(Stored dataset items)
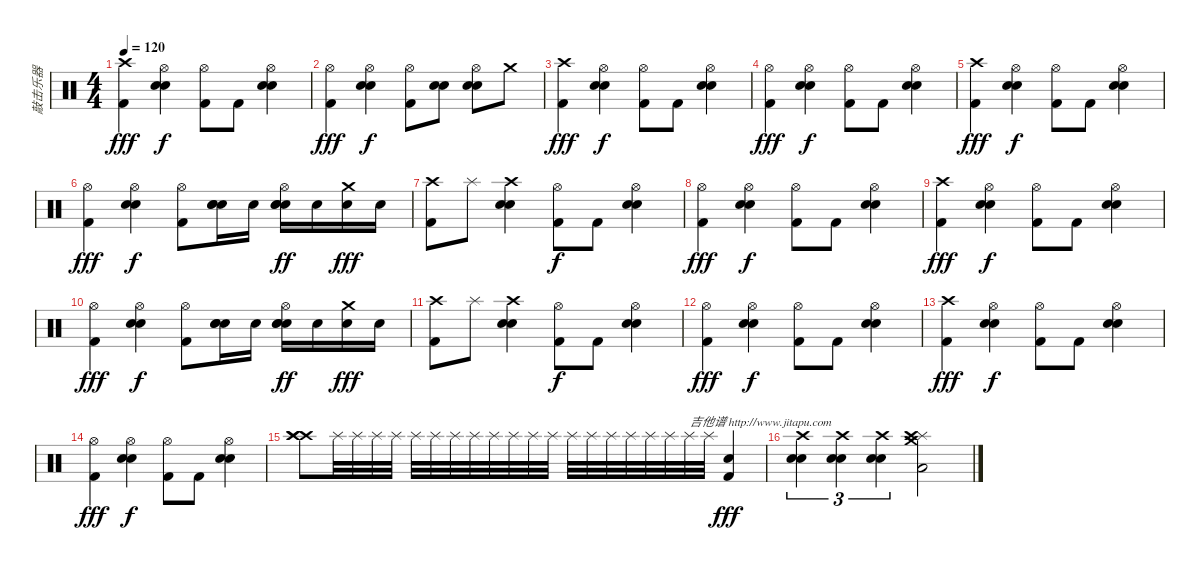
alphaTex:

\track ("敲击乐器" "敲击乐器") {instrument percussion}
\staff {score}
\articulation defaults
\ts (4 4)
\tempo 120
\clef neutral
\ks c
("Crash high (hit)" "Kick (hit) 2").4{dy fff} ("Hi-Hat (open)" "Electric Snare (hit)" "Metronome (bell)").4{dy f} ("Hi-Hat (open)" "Kick (hit) 2").8 "Kick (hit) 2".8 ("Hi-Hat (open)" "Electric Snare (hit)" "Metronome (bell)").4 |
("Hi-Hat (open)" "Kick (hit) 2").4{dy fff} ("Hi-Hat (open)" "Electric Snare (hit)" "Metronome (bell)").4{dy f} ("Hi-Hat (open)" "Kick (hit) 2").8 ("Electric Snare (hit)" "Metronome (bell)").8 ("Hi-Hat (open)" "Electric Snare (hit)" "Metronome (bell)").8 "Crash medium (hit)".8 |
("Crash high (hit)" "Kick (hit) 2").4{dy fff} ("Hi-Hat (open)" "Electric Snare (hit)" "Metronome (bell)").4{dy f} ("Hi-Hat (open)" "Kick (hit) 2").8 "Kick (hit) 2".8 ("Hi-Hat (open)" "Electric Snare (hit)" "Metronome (bell)").4 |
("Hi-Hat (open)" "Kick (hit) 2").4{dy fff} ("Hi-Hat (open)" "Electric Snare (hit)" "Metronome (bell)").4{dy f} ("Hi-Hat (open)" "Kick (hit) 2").8 "Kick (hit) 2".8 ("Hi-Hat (open)" "Electric Snare (hit)" "Metronome (bell)").4 |
("Crash high (hit)" "Kick (hit) 2").4{dy fff} ("Hi-Hat (open)" "Electric Snare (hit)" "Metronome (bell)").4{dy f} ("Hi-Hat (open)" "Kick (hit) 2").8 "Kick (hit) 2".8 ("Hi-Hat (open)" "Electric Snare (hit)" "Metronome (bell)").4 |
("Hi-Hat (open)" "Kick (hit) 2").4{dy fff} ("Hi-Hat (open)" "Electric Snare (hit)" "Metronome (bell)").4{dy f} ("Hi-Hat (open)" "Kick (hit) 2").8 ("Electric Snare (hit)" "Metronome (bell)" "Electric Snare (hit)").16 "Electric Snare (hit)".16 ("Hi-Hat (open)" "Electric Snare (hit)" "Metronome (bell)" "Electric Snare (hit)").16{dy ff} "Electric Snare (hit)".16 ("Crash medium (hit)" "Electric Snare (hit)").16{dy fff} "Electric Snare (hit)".16 |
("Crash high (hit)" "Kick (hit) 2").8 "Splash (hit)".8 ("Crash high (hit)" "Electric Snare (hit)" "Metronome (bell)").4 ("Hi-Hat (open)" "Kick (hit) 2").8{dy f} "Kick (hit) 2".8 ("Hi-Hat (open)" "Electric Snare (hit)" "Metronome (bell)").4 |
("Hi-Hat (open)" "Kick (hit) 2").4{dy fff} ("Hi-Hat (open)" "Electric Snare (hit)" "Metronome (bell)").4{dy f} ("Hi-Hat (open)" "Kick (hit) 2").8 "Kick (hit) 2".8 ("Hi-Hat (open)" "Electric Snare (hit)" "Metronome (bell)").4 |
("Crash high (hit)" "Kick (hit) 2").4{dy fff} ("Hi-Hat (open)" "Electric Snare (hit)" "Metronome (bell)").4{dy f} ("Hi-Hat (open)" "Kick (hit) 2").8 "Kick (hit) 2".8 ("Hi-Hat (open)" "Electric Snare (hit)" "Metronome (bell)").4 |
("Hi-Hat (open)" "Kick (hit) 2").4{dy fff} ("Hi-Hat (open)" "Electric Snare (hit)" "Metronome (bell)").4{dy f} ("Hi-Hat (open)" "Kick (hit) 2").8 ("Electric Snare (hit)" "Metronome (bell)" "Electric Snare (hit)").16 "Electric Snare (hit)".16 ("Hi-Hat (open)" "Electric Snare (hit)" "Metronome (bell)" "Electric Snare (hit)").16{dy ff} "Electric Snare (hit)".16 ("Crash medium (hit)" "Electric Snare (hit)").16{dy fff} "Electric Snare (hit)".16 |
("Crash high (hit)" "Kick (hit) 2").8 "Splash (hit)".8 ("Crash high (hit)" "Electric Snare (hit)" "Metronome (bell)").4 ("Hi-Hat (open)" "Kick (hit) 2").8{dy f} "Kick (hit) 2".8 ("Hi-Hat (open)" "Electric Snare (hit)" "Metronome (bell)").4 |
("Hi-Hat (open)" "Kick (hit) 2").4{dy fff} ("Hi-Hat (open)" "Electric Snare (hit)" "Metronome (bell)").4{dy f} ("Hi-Hat (open)" "Kick (hit) 2").8 "Kick (hit) 2".8 ("Hi-Hat (open)" "Electric Snare (hit)" "Metronome (bell)").4 |
("Crash high (hit)" "Kick (hit) 2").4{dy fff} ("Hi-Hat (open)" "Electric Snare (hit)" "Metronome (bell)").4{dy f} ("Hi-Hat (open)" "Kick (hit) 2").8 "Kick (hit) 2".8 ("Hi-Hat (open)" "Electric Snare (hit)" "Metronome (bell)").4 |
("Hi-Hat (open)" "Kick (hit) 2").4{dy fff} ("Hi-Hat (open)" "Electric Snare (hit)" "Metronome (bell)").4{dy f} ("Hi-Hat (open)" "Kick (hit) 2").8 "Kick (hit) 2".8 ("Hi-Hat (open)" "Electric Snare (hit)" "Metronome (bell)").4 |
("Crash high (hit)" "Crash high (hit)" "Crash high (hit)").8 "Splash (hit)".32 "Splash (hit)".32 "Splash (hit)".32 "Splash (hit)".32 "Splash (hit)".32 "Splash (hit)".32 "Splash (hit)".32 "Splash (hit)".32 "Splash (hit)".32 "Splash (hit)".32 "Splash (hit)".32 "Splash (hit)".32 "Splash (hit)".32 "Splash (hit)".32 "Splash (hit)".32 "Splash (hit)".32 "Splash (hit)".32 "Splash (hit)".32 "Splash (hit)".32{txt "吉他谱 http://www.jitapu.com"} "Splash (hit)".32 ("Kick (hit) 2" "Snare (hit) 2").4{dy fff} |
("Snare (hit) 2" "Snare (hit) 2" "Crash high (hit)").4{tu (3 2)} ("Snare (hit) 2" "Snare (hit) 2" "Crash high (hit)").4{tu (3 2)} ("Snare (hit) 2" "Snare (hit) 2" "Crash high (hit)").4{tu (3 2)} ("Low Tom (hit)" "Splash (hit)" "Crash high (hit)" "Crash medium (hit)").2

**YOUR ASSIGNMENT:**
Without carrying over any pictures, retype the records above exactly.

**ANSWER TO THIS TASK:**
alphaTex:

\track ("敲击乐器" "敲击乐器") {instrument percussion}
\staff {score}
\articulation defaults
\ts (4 4)
\tempo 120
\clef neutral
\ks c
("Crash high (hit)" "Kick (hit) 2").4{dy fff} ("Hi-Hat (open)" "Electric Snare (hit)" "Metronome (bell)").4{dy f} ("Hi-Hat (open)" "Kick (hit) 2").8 "Kick (hit) 2".8 ("Hi-Hat (open)" "Electric Snare (hit)" "Metronome (bell)").4 |
("Hi-Hat (open)" "Kick (hit) 2").4{dy fff} ("Hi-Hat (open)" "Electric Snare (hit)" "Metronome (bell)").4{dy f} ("Hi-Hat (open)" "Kick (hit) 2").8 ("Electric Snare (hit)" "Metronome (bell)").8 ("Hi-Hat (open)" "Electric Snare (hit)" "Metronome (bell)").8 "Crash medium (hit)".8 |
("Crash high (hit)" "Kick (hit) 2").4{dy fff} ("Hi-Hat (open)" "Electric Snare (hit)" "Metronome (bell)").4{dy f} ("Hi-Hat (open)" "Kick (hit) 2").8 "Kick (hit) 2".8 ("Hi-Hat (open)" "Electric Snare (hit)" "Metronome (bell)").4 |
("Hi-Hat (open)" "Kick (hit) 2").4{dy fff} ("Hi-Hat (open)" "Electric Snare (hit)" "Metronome (bell)").4{dy f} ("Hi-Hat (open)" "Kick (hit) 2").8 "Kick (hit) 2".8 ("Hi-Hat (open)" "Electric Snare (hit)" "Metronome (bell)").4 |
("Crash high (hit)" "Kick (hit) 2").4{dy fff} ("Hi-Hat (open)" "Electric Snare (hit)" "Metronome (bell)").4{dy f} ("Hi-Hat (open)" "Kick (hit) 2").8 "Kick (hit) 2".8 ("Hi-Hat (open)" "Electric Snare (hit)" "Metronome (bell)").4 |
("Hi-Hat (open)" "Kick (hit) 2").4{dy fff} ("Hi-Hat (open)" "Electric Snare (hit)" "Metronome (bell)").4{dy f} ("Hi-Hat (open)" "Kick (hit) 2").8 ("Electric Snare (hit)" "Metronome (bell)" "Electric Snare (hit)").16 "Electric Snare (hit)".16 ("Hi-Hat (open)" "Electric Snare (hit)" "Metronome (bell)" "Electric Snare (hit)").16{dy ff} "Electric Snare (hit)".16 ("Crash medium (hit)" "Electric Snare (hit)").16{dy fff} "Electric Snare (hit)".16 |
("Crash high (hit)" "Kick (hit) 2").8 "Splash (hit)".8 ("Crash high (hit)" "Electric Snare (hit)" "Metronome (bell)").4 ("Hi-Hat (open)" "Kick (hit) 2").8{dy f} "Kick (hit) 2".8 ("Hi-Hat (open)" "Electric Snare (hit)" "Metronome (bell)").4 |
("Hi-Hat (open)" "Kick (hit) 2").4{dy fff} ("Hi-Hat (open)" "Electric Snare (hit)" "Metronome (bell)").4{dy f} ("Hi-Hat (open)" "Kick (hit) 2").8 "Kick (hit) 2".8 ("Hi-Hat (open)" "Electric Snare (hit)" "Metronome (bell)").4 |
("Crash high (hit)" "Kick (hit) 2").4{dy fff} ("Hi-Hat (open)" "Electric Snare (hit)" "Metronome (bell)").4{dy f} ("Hi-Hat (open)" "Kick (hit) 2").8 "Kick (hit) 2".8 ("Hi-Hat (open)" "Electric Snare (hit)" "Metronome (bell)").4 |
("Hi-Hat (open)" "Kick (hit) 2").4{dy fff} ("Hi-Hat (open)" "Electric Snare (hit)" "Metronome (bell)").4{dy f} ("Hi-Hat (open)" "Kick (hit) 2").8 ("Electric Snare (hit)" "Metronome (bell)" "Electric Snare (hit)").16 "Electric Snare (hit)".16 ("Hi-Hat (open)" "Electric Snare (hit)" "Metronome (bell)" "Electric Snare (hit)").16{dy ff} "Electric Snare (hit)".16 ("Crash medium (hit)" "Electric Snare (hit)").16{dy fff} "Electric Snare (hit)".16 |
("Crash high (hit)" "Kick (hit) 2").8 "Splash (hit)".8 ("Crash high (hit)" "Electric Snare (hit)" "Metronome (bell)").4 ("Hi-Hat (open)" "Kick (hit) 2").8{dy f} "Kick (hit) 2".8 ("Hi-Hat (open)" "Electric Snare (hit)" "Metronome (bell)").4 |
("Hi-Hat (open)" "Kick (hit) 2").4{dy fff} ("Hi-Hat (open)" "Electric Snare (hit)" "Metronome (bell)").4{dy f} ("Hi-Hat (open)" "Kick (hit) 2").8 "Kick (hit) 2".8 ("Hi-Hat (open)" "Electric Snare (hit)" "Metronome (bell)").4 |
("Crash high (hit)" "Kick (hit) 2").4{dy fff} ("Hi-Hat (open)" "Electric Snare (hit)" "Metronome (bell)").4{dy f} ("Hi-Hat (open)" "Kick (hit) 2").8 "Kick (hit) 2".8 ("Hi-Hat (open)" "Electric Snare (hit)" "Metronome (bell)").4 |
("Hi-Hat (open)" "Kick (hit) 2").4{dy fff} ("Hi-Hat (open)" "Electric Snare (hit)" "Metronome (bell)").4{dy f} ("Hi-Hat (open)" "Kick (hit) 2").8 "Kick (hit) 2".8 ("Hi-Hat (open)" "Electric Snare (hit)" "Metronome (bell)").4 |
("Crash high (hit)" "Crash high (hit)" "Crash high (hit)").8 "Splash (hit)".32 "Splash (hit)".32 "Splash (hit)".32 "Splash (hit)".32 "Splash (hit)".32 "Splash (hit)".32 "Splash (hit)".32 "Splash (hit)".32 "Splash (hit)".32 "Splash (hit)".32 "Splash (hit)".32 "Splash (hit)".32 "Splash (hit)".32 "Splash (hit)".32 "Splash (hit)".32 "Splash (hit)".32 "Splash (hit)".32 "Splash (hit)".32 "Splash (hit)".32{txt "吉他谱 http://www.jitapu.com"} "Splash (hit)".32 ("Kick (hit) 2" "Snare (hit) 2").4{dy fff} |
("Snare (hit) 2" "Snare (hit) 2" "Crash high (hit)").4{tu (3 2)} ("Snare (hit) 2" "Snare (hit) 2" "Crash high (hit)").4{tu (3 2)} ("Snare (hit) 2" "Snare (hit) 2" "Crash high (hit)").4{tu (3 2)} ("Low Tom (hit)" "Splash (hit)" "Crash high (hit)" "Crash medium (hit)").2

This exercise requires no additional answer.